La merma se registra especialmente en el hemisferio Norte, en regiones de Europa y Estados Unidos. Las consecuencias directas sobre la producción de alimentos.

La Comisión Europea alertó sobre la creciente mortalidad de abejas registradas en algunas regiones del hemisferio norte, según lo indica un informe del programa de las Naciones Unidas para el Medio Ambiente ( PNUMA).
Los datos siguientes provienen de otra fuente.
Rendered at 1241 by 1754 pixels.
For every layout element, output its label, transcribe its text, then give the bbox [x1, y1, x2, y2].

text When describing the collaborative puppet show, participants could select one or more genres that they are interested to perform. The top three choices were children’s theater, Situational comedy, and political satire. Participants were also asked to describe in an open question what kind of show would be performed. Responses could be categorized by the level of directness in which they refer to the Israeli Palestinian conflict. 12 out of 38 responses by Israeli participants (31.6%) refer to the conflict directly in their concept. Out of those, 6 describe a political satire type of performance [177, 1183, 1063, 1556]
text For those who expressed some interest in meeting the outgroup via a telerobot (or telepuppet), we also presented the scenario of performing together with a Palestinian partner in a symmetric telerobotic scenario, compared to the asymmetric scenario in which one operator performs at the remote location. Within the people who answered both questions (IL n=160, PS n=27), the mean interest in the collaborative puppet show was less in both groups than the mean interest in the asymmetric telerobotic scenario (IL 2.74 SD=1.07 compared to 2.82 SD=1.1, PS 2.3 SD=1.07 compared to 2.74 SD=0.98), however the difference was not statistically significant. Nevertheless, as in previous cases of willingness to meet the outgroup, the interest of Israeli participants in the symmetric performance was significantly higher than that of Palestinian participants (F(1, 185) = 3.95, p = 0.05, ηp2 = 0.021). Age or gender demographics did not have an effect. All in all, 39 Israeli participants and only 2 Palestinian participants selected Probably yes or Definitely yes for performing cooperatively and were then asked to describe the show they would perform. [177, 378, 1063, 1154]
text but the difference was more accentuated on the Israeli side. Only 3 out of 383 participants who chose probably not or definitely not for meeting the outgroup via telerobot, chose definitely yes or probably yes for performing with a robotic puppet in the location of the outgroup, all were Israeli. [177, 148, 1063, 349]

La disminución de las abejas -que alcanzaría un 85% en algunas ciudades- , tiene una consecuencia directa sobre la producción de alimentos, ya que estos insectos se encargan de la polinización de la mayoría de los cultivos y especies vegetales. Aparte de las consecuencias ecológicas derivadas de la propia desaparición de la especie.

Según lo expresan los especialistas, las posibles causas de mortalidad son:

  • El creciente uso de ciertos plaguicidas (imidaclorpid, clotiniadina y tiametoxam) con sustancias nocivas para estos insectos.

  • El cambio climático y el calentamiento global, provocan grandes fluctuaciones en las precipitaciones y alteran el ciclo biológico de las abejas, que mueren por someterse a temperaturas extremas a las que no están acostumbradas.

  • El descenso de la biodiversidad produce la disminución del número de especies vegetales a polinizar por problemas ecológicos y monocultivos de transgénicos.

Si bien hasta el momento la Comisión Europea ya tomó cartas sobre el asunto mediante la prohibición de una serie de agroquímicos de probada toxicidad para las abejas, aún restan nuevas propuestas para ser presentadas ante organismos nacionales. El problema no sólo afecta la ecología sino a las economías regionales ya que se estima que la polinización tiene un valor de 22000 millones de euros para la agricultura europea.